» Problem description:
Pull each line containing "list" out of the data and copy it.

Collected data entries:
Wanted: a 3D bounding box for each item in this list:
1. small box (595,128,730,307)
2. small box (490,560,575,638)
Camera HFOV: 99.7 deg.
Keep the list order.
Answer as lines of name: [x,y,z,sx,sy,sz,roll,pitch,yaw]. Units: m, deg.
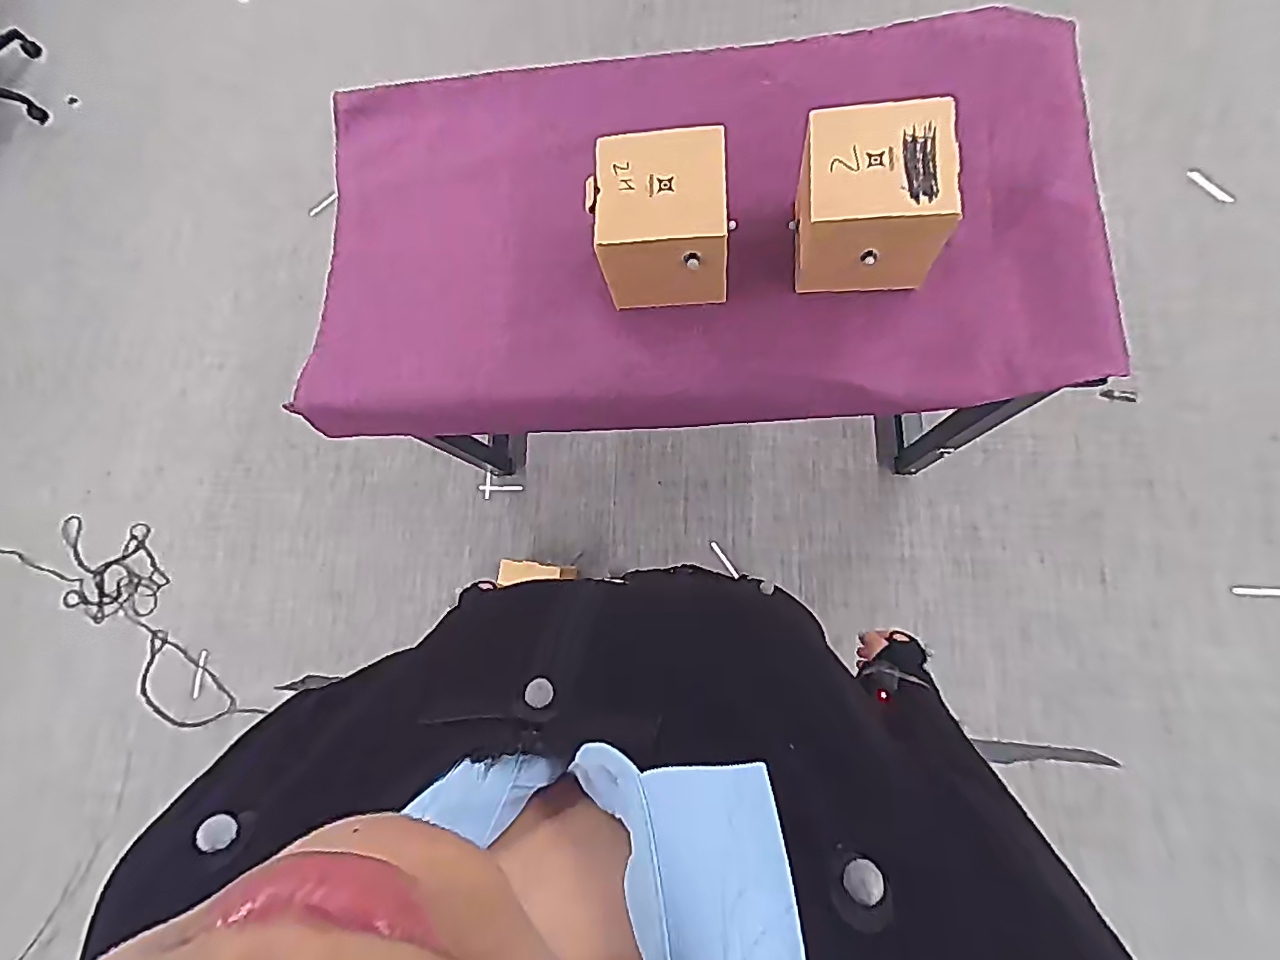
small box: [0.039,-0.369,0.788,0.179,0.176,0.168,-1,78,9]
small box: [-0.281,0.316,1.458,0.168,0.176,0.179,6,80,9]

» Task output:
Wanted: a 3D bounding box for each item in this list:
Keep the list order.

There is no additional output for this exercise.